Today we explored the eastern flank of Baranof Island. We awoke entering Red Bluff Bay. This bay is named for the unusual rock is on one side of the bay. A rare sliver of the Earth’s deep crust, the rock is high in magnesium, which stunts tree growth. Though plant life around the bay may be limited, marine life is rich. We found sea lions and whales even before we entered the bay. Red Bluff is an intense fjord, with near-vertical walls cloaked in forest that seems to defy gravity. Several falls tumble down the bay’s steep walls, and the captain nosed us right up the mightiest of them.

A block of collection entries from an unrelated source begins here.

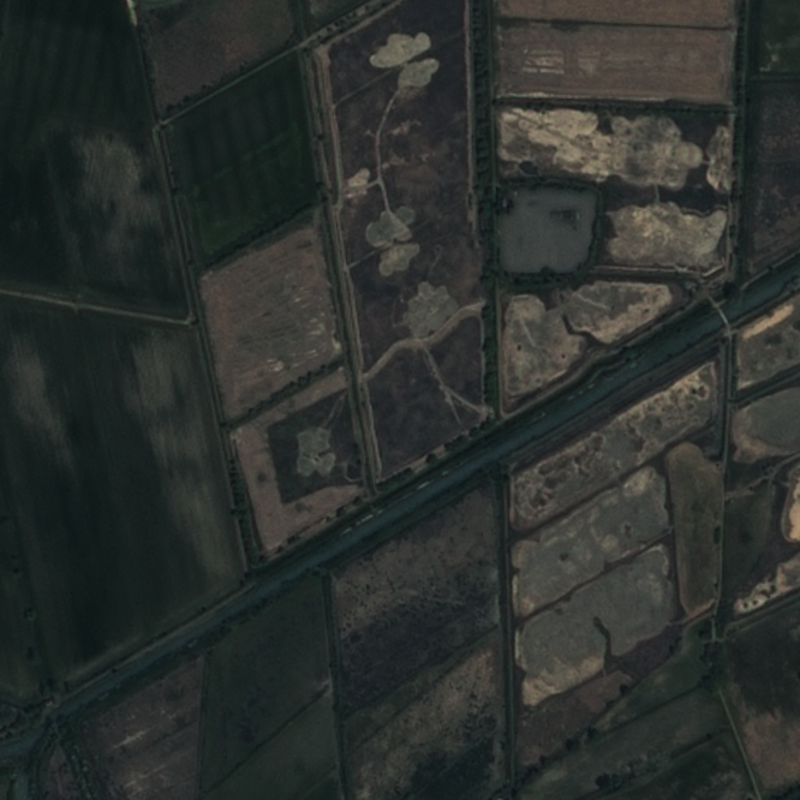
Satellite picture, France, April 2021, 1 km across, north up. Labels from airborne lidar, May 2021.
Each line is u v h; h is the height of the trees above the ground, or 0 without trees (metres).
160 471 0
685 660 0
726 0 0
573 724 0
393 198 0
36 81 0
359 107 0
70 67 0
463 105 0
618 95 0
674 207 0
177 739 0
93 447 0
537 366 0
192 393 0
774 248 0
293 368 0
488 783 0
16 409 0
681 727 0
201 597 0
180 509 0
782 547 0
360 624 0
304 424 0
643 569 0
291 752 0
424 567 0
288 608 0
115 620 0
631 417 0
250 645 0
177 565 0
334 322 0
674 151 0
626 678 0
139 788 0
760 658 0
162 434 0
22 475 0
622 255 0
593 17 0
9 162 0
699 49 0
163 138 0
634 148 0
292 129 0
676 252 0
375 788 0
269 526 0
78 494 0
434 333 0
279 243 0
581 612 0
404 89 0
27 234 0
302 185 0
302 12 0
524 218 0
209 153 0
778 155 0
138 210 0
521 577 0
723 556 0
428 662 0
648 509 0
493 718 0
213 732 0
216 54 0
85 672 0
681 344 0
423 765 0
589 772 0
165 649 0
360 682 0
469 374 0
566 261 0
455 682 0
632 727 0
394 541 0
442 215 0
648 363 0
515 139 0
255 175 0
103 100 0
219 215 0
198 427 0
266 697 0
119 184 0
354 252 0
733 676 0
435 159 0
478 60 7
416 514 0
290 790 0
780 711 0
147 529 0
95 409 0
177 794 0
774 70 0
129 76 0
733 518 0
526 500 0
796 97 0
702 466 0
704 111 0
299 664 0
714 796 0
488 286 6
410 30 0
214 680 0
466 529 0
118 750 0
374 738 0
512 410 0
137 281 0
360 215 0
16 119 0
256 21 0
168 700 0
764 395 0
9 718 18
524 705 0
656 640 0
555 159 0
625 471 0
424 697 0
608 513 0
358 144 0
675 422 0
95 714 0
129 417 0
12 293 0
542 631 0
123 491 0
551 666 0
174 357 0
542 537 0
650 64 0
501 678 0
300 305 0
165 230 0
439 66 0
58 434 0
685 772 0
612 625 0
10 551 0
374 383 0
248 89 0
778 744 0
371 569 0
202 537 0
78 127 0
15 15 0
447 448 8
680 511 0
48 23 0
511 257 0
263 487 0
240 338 0
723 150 0
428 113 0
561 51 0
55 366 0
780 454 0
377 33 0
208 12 0
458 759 0
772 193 0
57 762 0
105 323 0
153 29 0
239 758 0
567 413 0
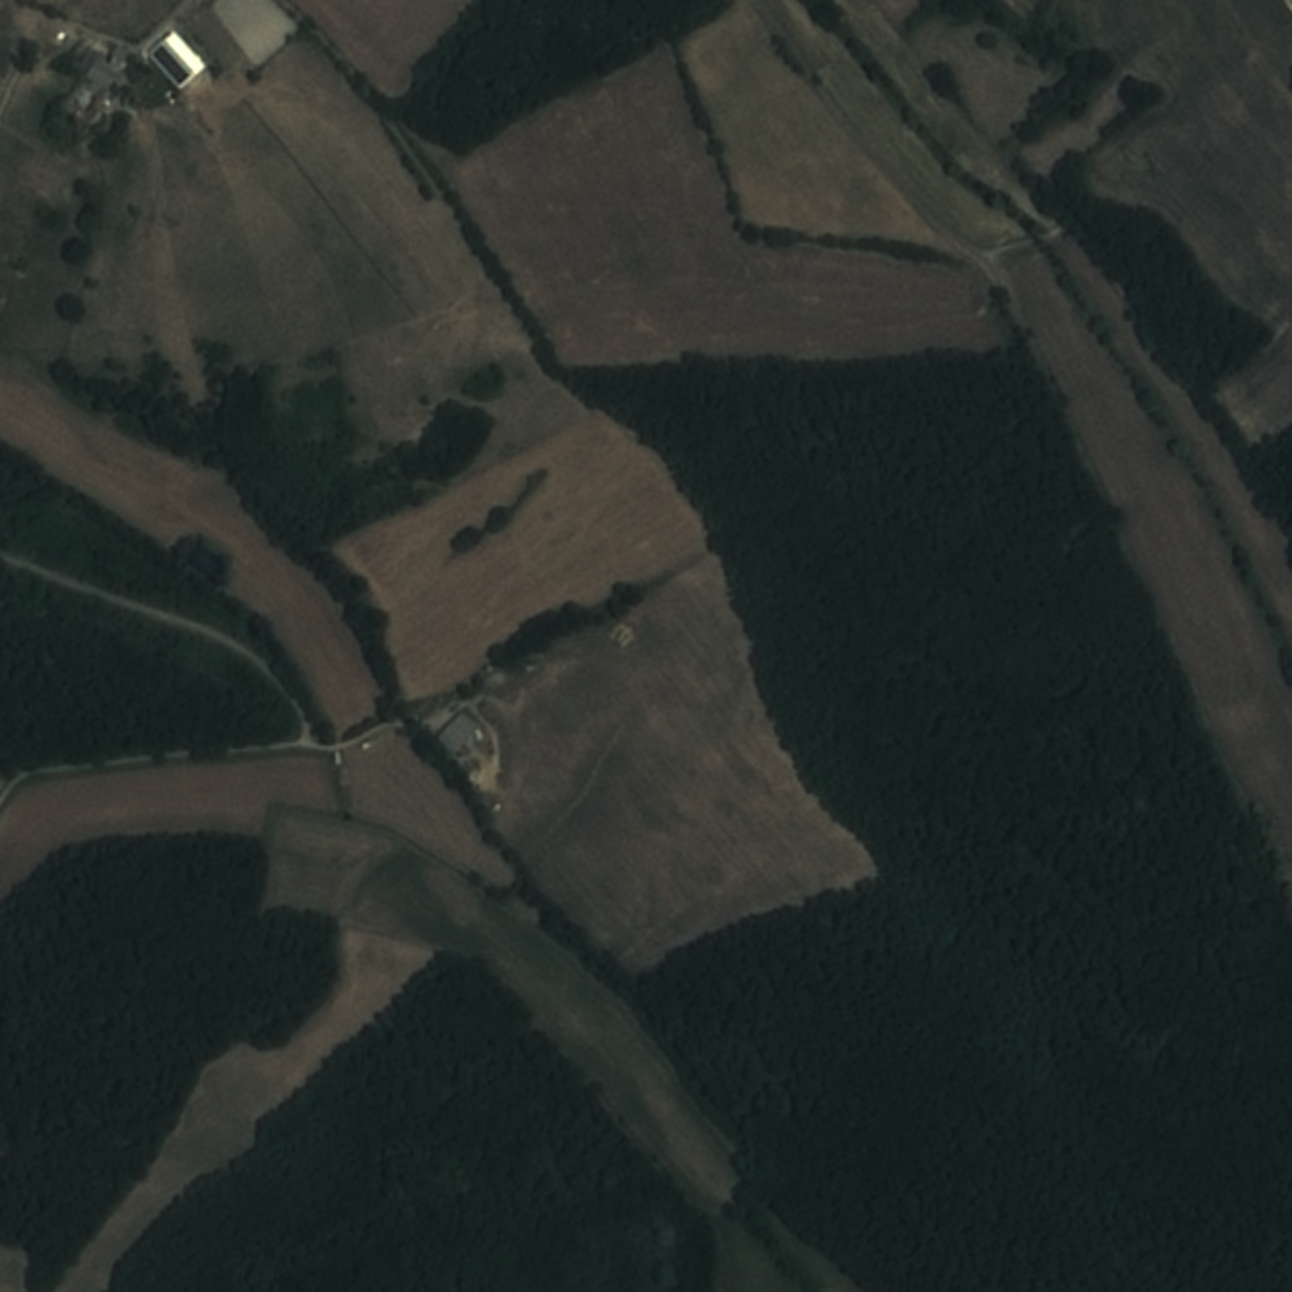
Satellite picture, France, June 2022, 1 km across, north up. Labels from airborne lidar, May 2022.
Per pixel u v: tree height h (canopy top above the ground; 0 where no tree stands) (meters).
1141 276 12
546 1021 0
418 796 0
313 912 11
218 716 12
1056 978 18
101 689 14
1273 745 0
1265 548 0
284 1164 14
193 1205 15
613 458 0
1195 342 7
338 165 0
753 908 0
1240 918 17
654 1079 0
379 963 0
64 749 16
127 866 15
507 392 0
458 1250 15
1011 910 23
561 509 0
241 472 13
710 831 0
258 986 20
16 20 0
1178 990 15
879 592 20
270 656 8
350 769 0
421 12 0
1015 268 0
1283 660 10
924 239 0
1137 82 14
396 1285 20
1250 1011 20
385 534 0
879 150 0
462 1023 19
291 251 0
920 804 23
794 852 0
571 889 0
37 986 20
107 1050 23
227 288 0
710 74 0
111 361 10
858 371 15
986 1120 18
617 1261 6
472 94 22
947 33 0
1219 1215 16
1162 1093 26
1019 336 8
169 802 0
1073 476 15
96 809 0
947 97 14
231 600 11
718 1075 15
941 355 14
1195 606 0
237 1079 0
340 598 15
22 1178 26
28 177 0
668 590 0
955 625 24
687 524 0
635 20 20
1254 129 0
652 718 0
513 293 12
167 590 7
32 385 0
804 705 15
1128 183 0
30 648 15
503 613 0
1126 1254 17
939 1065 25
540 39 10
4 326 0
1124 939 16
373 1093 14
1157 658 15
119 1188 16
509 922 0
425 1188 28
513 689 0
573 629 13
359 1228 25
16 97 0
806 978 19
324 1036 0
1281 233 0
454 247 0
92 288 10
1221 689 0
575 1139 10
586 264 0
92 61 0
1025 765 26
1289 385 0
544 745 0
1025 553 23
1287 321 0
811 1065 18
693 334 0
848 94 0
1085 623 20
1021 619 16
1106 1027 19
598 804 0
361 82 11
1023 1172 13
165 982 23
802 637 15
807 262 0
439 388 0
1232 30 0
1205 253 0
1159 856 23
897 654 24
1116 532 13
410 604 0
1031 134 13
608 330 0
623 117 0
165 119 0
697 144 0
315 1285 25
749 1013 15
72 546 6
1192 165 0
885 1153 21
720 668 0
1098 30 0
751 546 15
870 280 0
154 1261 14
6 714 19
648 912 0
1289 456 16
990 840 23
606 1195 13
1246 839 10
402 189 0
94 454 0
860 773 18
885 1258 18
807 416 16
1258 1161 19
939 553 16
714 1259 16
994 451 17
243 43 0
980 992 19
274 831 0
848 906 10
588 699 0
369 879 0
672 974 20
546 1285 8
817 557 19
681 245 0
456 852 0
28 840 0
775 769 0
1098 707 20
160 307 0
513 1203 11
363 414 0
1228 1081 23
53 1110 11
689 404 18
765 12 0
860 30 0
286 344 0
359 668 0
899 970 20
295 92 0
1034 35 6
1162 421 11
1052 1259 18
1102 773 19
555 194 0
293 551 16
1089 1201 13
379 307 0
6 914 14
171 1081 20
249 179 0
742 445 16
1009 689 20
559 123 0
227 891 18
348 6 0
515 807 0
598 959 18
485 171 0
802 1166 21
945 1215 19
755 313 0
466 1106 21
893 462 23
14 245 0
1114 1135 17
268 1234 21
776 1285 0
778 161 0
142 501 0
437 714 0
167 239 0
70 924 21
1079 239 28
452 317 0
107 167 0
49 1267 19
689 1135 0
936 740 22
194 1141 0
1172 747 21
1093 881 22
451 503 0
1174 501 0
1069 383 0
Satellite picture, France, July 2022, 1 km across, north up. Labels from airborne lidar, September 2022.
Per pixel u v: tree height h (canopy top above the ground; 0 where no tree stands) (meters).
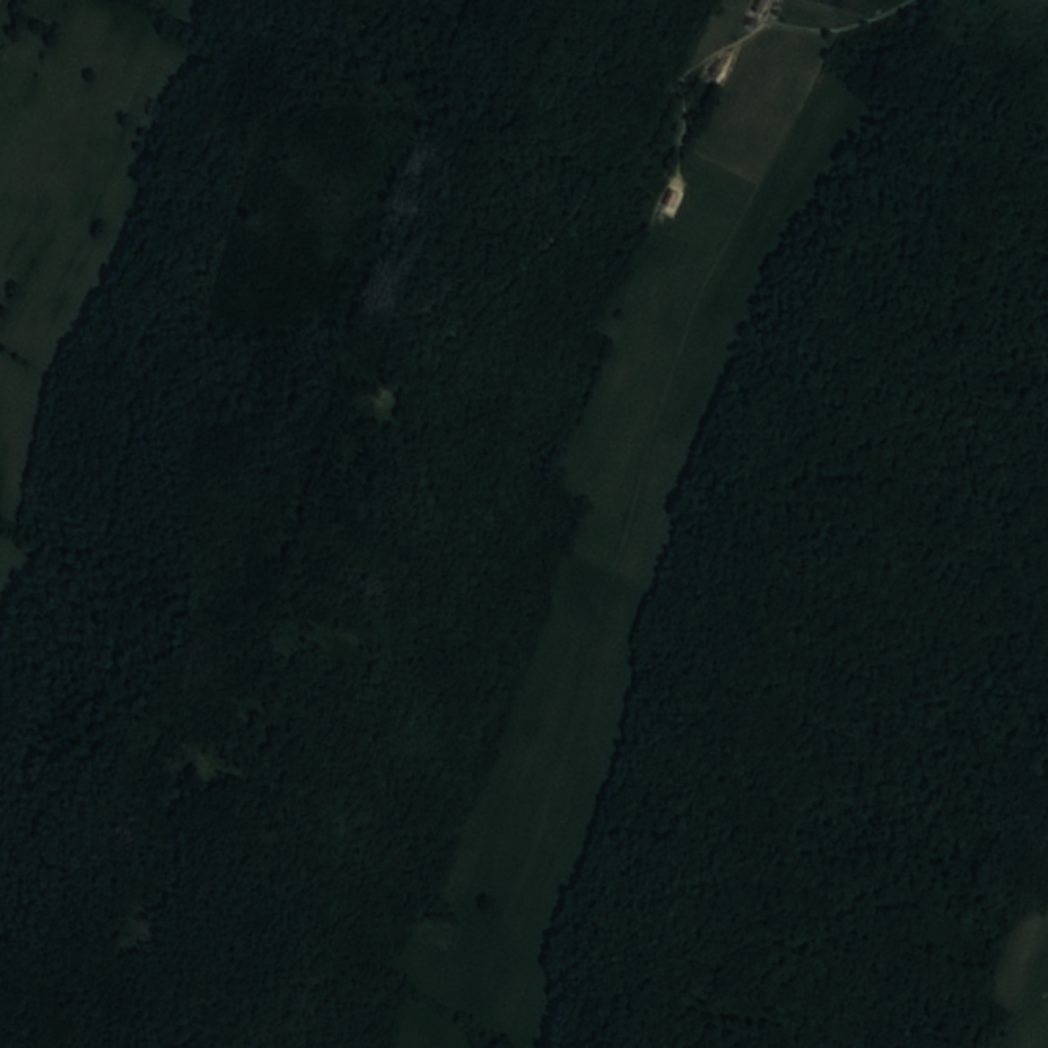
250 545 17
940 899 20
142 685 20
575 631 0
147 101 0
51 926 21
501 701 15
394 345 17
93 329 24
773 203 0
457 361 11
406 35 26
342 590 16
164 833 17
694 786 17
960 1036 15
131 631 29
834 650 15
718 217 0
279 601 19
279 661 14
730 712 15
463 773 16
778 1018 17
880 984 16
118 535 27
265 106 23
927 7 19
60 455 20
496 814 0
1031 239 14
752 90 0
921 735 17
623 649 0
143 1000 19
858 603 14
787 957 17
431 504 11
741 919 18
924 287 21
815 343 17
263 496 20
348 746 12
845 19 0
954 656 15
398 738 7
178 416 32
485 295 13
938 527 19
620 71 17
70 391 24
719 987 17
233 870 22
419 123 6
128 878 15
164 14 16
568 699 0
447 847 18
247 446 17
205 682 14
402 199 26
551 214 13
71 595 32
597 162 16
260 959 22
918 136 16
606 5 7
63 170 0
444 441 14
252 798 19
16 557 0
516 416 16
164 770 27
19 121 0
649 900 18
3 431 0
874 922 18
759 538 17
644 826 16
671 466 0
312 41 27
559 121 13
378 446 21
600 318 16
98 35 0
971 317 20
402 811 6
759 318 13
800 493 21
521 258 15
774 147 0
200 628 23
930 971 19
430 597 17
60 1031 22
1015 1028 0
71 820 25
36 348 0
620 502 0
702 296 0
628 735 18
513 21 23
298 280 10
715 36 0
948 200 18
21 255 0
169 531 31
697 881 13
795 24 0
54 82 0
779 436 14
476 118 17
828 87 0
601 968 16
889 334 18
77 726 28
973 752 19
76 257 0
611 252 21
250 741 17
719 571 11
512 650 15
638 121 20
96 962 18
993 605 18
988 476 19
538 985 0
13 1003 20
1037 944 0
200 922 27
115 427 22
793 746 15
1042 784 21
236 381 26
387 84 27
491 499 8
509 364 15
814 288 17
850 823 22
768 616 15
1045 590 17
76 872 13
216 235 27
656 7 6
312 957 16
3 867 38
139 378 21
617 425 0
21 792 32
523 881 0
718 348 0
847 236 17
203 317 20
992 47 9
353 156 7
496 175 14
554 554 16
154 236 27
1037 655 15
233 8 23
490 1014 0
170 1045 16
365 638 18
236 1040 16
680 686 18
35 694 22
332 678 16
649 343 0
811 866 17
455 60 22
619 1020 20
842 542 20
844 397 19
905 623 12
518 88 14
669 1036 14
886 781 8
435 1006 7
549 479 26
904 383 15
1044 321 14
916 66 22
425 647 18
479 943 0
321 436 21
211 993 19
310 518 20
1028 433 13
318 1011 9
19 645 23
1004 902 16
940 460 18
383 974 19
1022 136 17
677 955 13
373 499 18
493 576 17
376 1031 19
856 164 11
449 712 15
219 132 21
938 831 21
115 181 0
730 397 20
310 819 13
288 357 21
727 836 19
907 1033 23
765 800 18
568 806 0
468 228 17
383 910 15
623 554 0
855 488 21
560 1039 27
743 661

Later in the morning, we paused to pick up Andy Szabo of the Alaska Whale Foundation. Andy is one of the area’s foremost whale researchers. He is also, we found, an informative and amusing lecturer. Still, we were not disappointed to have his presentation interrupted, because the disturbance was killer whales! We all rushed to the bow to see the whales. Andy described interesting aspects of whale biology as we watched. By their numbers, behavior and appearance, we identified these as “resident” or king salmon-eating whales. We saw about ten whales at varying distances, and were lucky enough to see one of them breach.
Eventually we left the whales and finished listening to Andy’ presentation. By the time he was done, we had reached Kasnakyu Falls, another of Baranof’s many cascades.
In the afternoon we stopped at the Lake Eva trailhead at the entrance to Peril Strait. Many opted for a leg-stretching hike up the trail. They passed beautiful lilies and huge trees on the way to the lake. It was obvious that many a bear had used the trail recently, for they left their colorful calling cards. One particular highlight was a couple of otters that preened and swam the stream flowing from Lake Eva. Meanwhile, a bear emerged from the forest to sit on the beach. A lucky few who were in rubber boats or on the ship enjoyed the seaside bruin.